In conventional photofinishing laboratories a user (sometimes referenced as a customer), delivers one or more film rolls carrying corresponding exposed films, to a processing laboratory to have them chemically developed and hardcopies of the images (such as paper prints or slides) prepared. The user can include an individual or a retail store. Individual films are often spliced together end to end to form a larger roll which is easily handled by automated equipment. Following chemical processing of the roll to yield permanent images from the latent images on the films, each image is scanned at high speed to obtain image characteristics, such as color and density. These characteristics are passed to an optical printer which uses the characteristic data to adjust exposure conditions (such as exposure time, color balance, and the like) of an image frame on the developed film which is optically projected onto a photosensitive paper. The exposed photosensitive paper is then chemically developed to yield the final hardcopy prints. When the customer order is completed, each film is cut into strips (for 35 mm film) or reattached to a film cassette (for Advanced Photo System films), the exposed paper (when prints are made) is cut into individual prints, and the film, completed prints and any other media (such as a disk bearing scanned images, or mounted slides) are packaged at a finishing station and the order is then complete.

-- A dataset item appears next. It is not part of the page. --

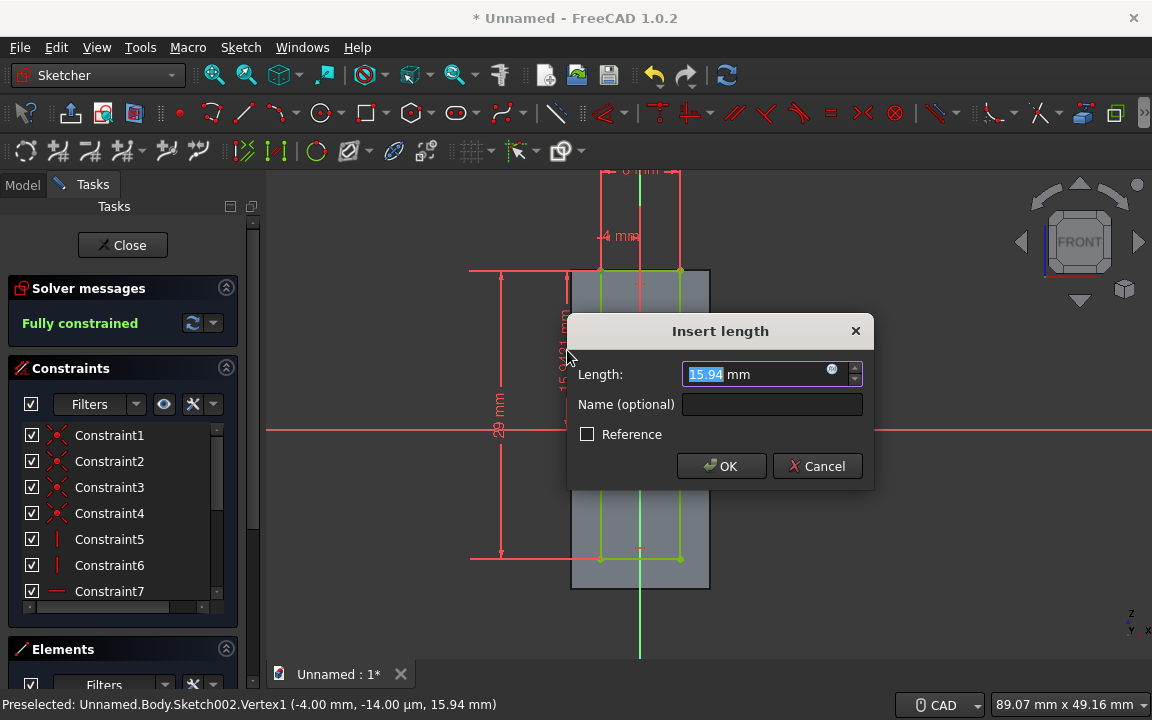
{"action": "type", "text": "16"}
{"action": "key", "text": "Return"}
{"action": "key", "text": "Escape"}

In modern photofinishing laboratory, images may optionally also be scanned to provide an image signal corresponding to each image on the film. These image signals are usually stored on a medium such as a magnetic or optical disk and provided to the customer, or made available to the customer over a network such as the Internet, and may be used then or at a later time to provide a hardcopy output. Recently it has been described that in the foregoing type of photofinishing operation, the optical printer can be replaced with a digital printer which will print the images directly from the scanned data, following enhancements or other manipulations to the scanned images.
Photofinishing laboratories using scanners and digital printers provide more versatility in correcting or enhancing (either automatically or in accordance with customer requests) customer images, and providing multiple forms of outputs. The corrections or enhancements can be done in accordance with appropriate algorithms operating in one or more image processors. However, for such digital photofinishing laboratories to produce outputs which are comparable to conventional optical prints can require resolutions of at about 2000 by 2000 pixels or more. Thus, each uncompressed consumer image can readily result in a file of about 12 or more megabytes in size. In photofinishing laboratories, images can readily be scanned from customer orders at a rate of 200 images per minute or greater. This means that the laboratory must be able to route image data rates from scanners to image processors and to printers, in the multiple gigabyte or higher per minute rate. One approach to handling such image data, is merely to queue image data in front of a digital processor which receives the images one by one and allocates them to the next available image processor for digital corrections and/or enhancements. A disadvantage of such a configuration is that the images must be communicated to the allocating digital processor which must next pass the images at the high image data rates to the image processors. This sequence of multiply transferring the same images requires an allocation processor with high data transfer rates and slows the ability of the allocation device to determine which output device is available for the next image in its queue. Furthermore, since multiple image processors typically share the same communication network with the allocation processor and the scanner, multiple image transfers will generally slow communication rates on the network. These problems can be exacerbated when customers request multiple complex different image products from one or more images in an order, such as images on T-shirts, cups, calendars, or similar items or other image outputs, such as upload of digital image signals to the Internet, or an optical or magnetic disk carrying the images signals. Since different image processing may be required for such different image products, these additional requests can require even further image transfers on the network.
It would be desirable then, to provide in a photofinishing laboratory, a means by which image data transfers can be kept low so as to maintain high image data transfer rates when required. It would further be desirable that a means can be provided where images can be allocated and transferred to one or more image processors from the capturing device or storage device, without requiring an allocating processor which must receive and communicate the high volume image data itself.